Notable characteristics
This highly radioactive element has been confirmed by mass spectrometers to behave chemically much like other halogens, especially iodine (it would probably accumulate in the thyroid gland like iodine), though astatine is thought to be more metallic than iodine. Researchers at the Brookhaven National Laboratory have performed experiments that have identified and measured elementary reactions that involve astatine; however, chemical research into astatine is limited by its extreme rarity, which is a consequence of its extremely short half-life. Its most stable isotope has a half-life of around 8.3 hours. The final product of the decay of astatine is an isotope of lead. Following the colour trends of the halogens, you will notice that the elements get darker in colour. Following the trends, astatine is expected to be a nearly black solid, which, when heated, sublimes into a dark, purplish vapor (darker than iodine). Astatine is expected to form ionic bonds with metals such as sodium, like the other halogens, but it can be displaced from the salts by lighter, more reactive halogens. Astatine can also react with hydrogen to form hydrogen astatide, which when dissolved in water, forms hydroastatic acid. Astatine is the least reactive of the halogens, being less reactive than iodine.
History
The existence of "eka-iodine" had been predicted by Mendeleev. Astatine (after Greek αστατος astatos, meaning "unstable") was first synthesized in 1940 by Dale R. Corson, K. R. MacKenzie, and Emilio Segrè at the University of California, Berkeley by barraging bismuth with alpha particles. An earlier name for the element was alabamine (Ab).
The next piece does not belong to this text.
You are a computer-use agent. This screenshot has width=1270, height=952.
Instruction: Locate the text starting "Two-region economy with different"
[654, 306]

The name Dakin was proposed for this element in 1937 by chemist Rajendralal De working in Dhaka.
Occurrence
Astatine occurs naturally from uranium-235 and uranium-238 decay, but because of its short half-life is only found in minute amounts.
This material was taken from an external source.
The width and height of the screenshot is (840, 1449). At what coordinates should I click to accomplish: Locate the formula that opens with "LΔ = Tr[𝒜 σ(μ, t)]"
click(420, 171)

Astatine is the rarest naturally-occurring element, with the total amount in Earth's crust estimated to be less than 1 oz (28 g) at any given time. This amounts to less than one teaspoon of the element. Guinness World Records has dubbed the element the rarest on Earth, stating: "Only around 0.9 oz (25 g) of the element astatine (At) occurring naturally". Isaac Asimov, in a 1957 essay on large numbers, scientific notation, and the size of the atom, wrote that in "all of North and South America to a depth of ten miles", the number of astatine atoms at any time is "only a trillion".
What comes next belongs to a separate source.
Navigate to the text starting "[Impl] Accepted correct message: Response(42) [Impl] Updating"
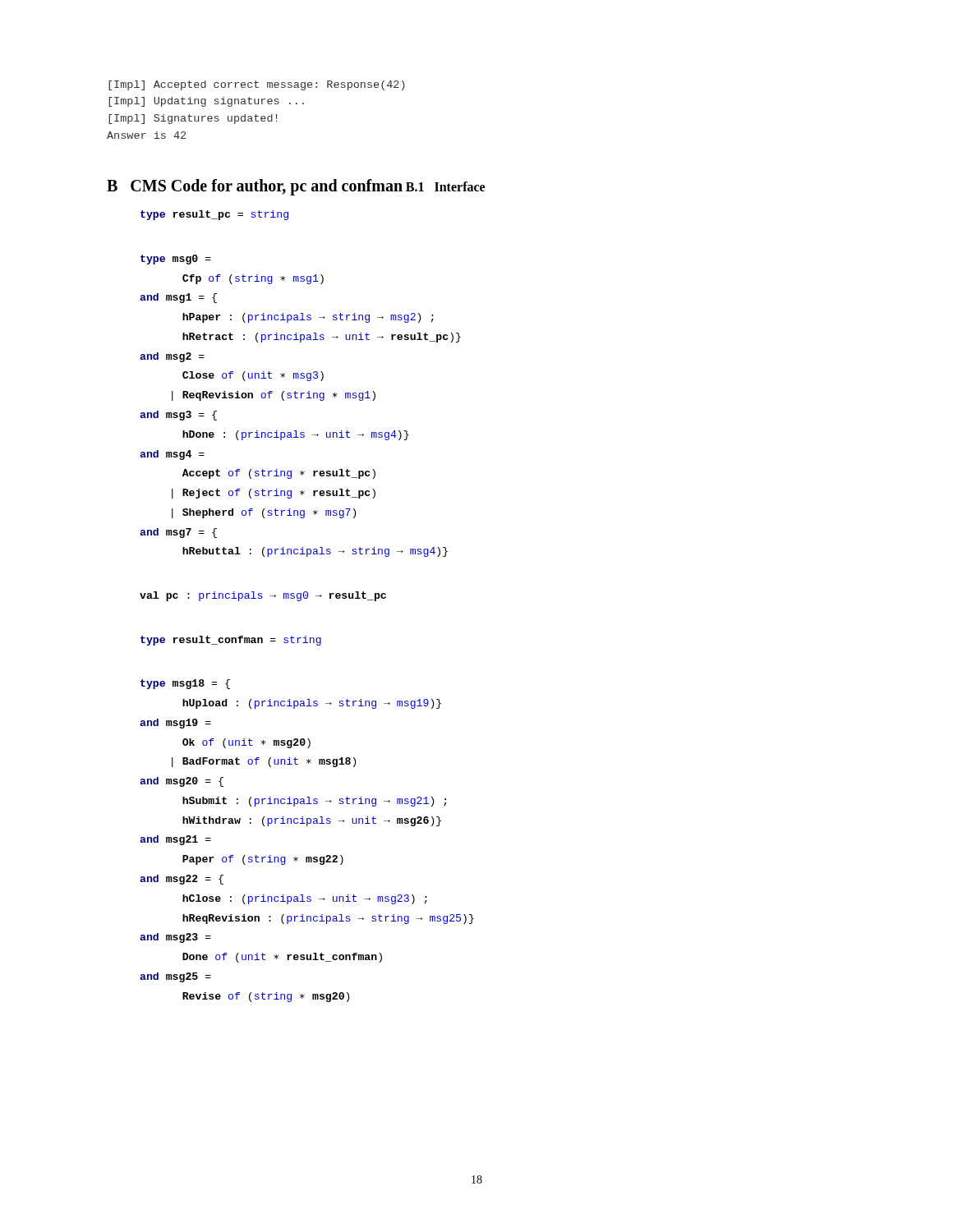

Astatine is produced by bombarding bismuth with energetic alpha particles to obtain relatively long-lived 209At - 211At, which can then be distilled from the target by heating in the presence of air.
Compounds
Multiple compounds of astatine have been synthesized in microscopic amounts and studied as intensively as possible before their inevitable radioactive disintegration. While these compounds are primarily of theoretical interest, they are being studied for potential use in nuclear medicine.
Isotopes
Astatine has 33 known isotopes, all of which are radioactive; the range of their mass numbers is from 191 to 223. There exist also 23 metastable excited states. The longest-lived isotope is 210At, which has a half-life of 8.1 hours; the shortest-lived known isotope is 213At, which has a half-life of 125 nanoseconds.
Applications
Because of the extremely short life span of astatine no practical applications exist other than scientific study.
Precautions
Since Astatine is radioactive, it should be handled with care. Because of it's extreme rarity, it is not likely that the general public will be exposed.
Astatine is a halogen, and standard precautions apply. It is less reactive than iodine, but they share similar characteristics.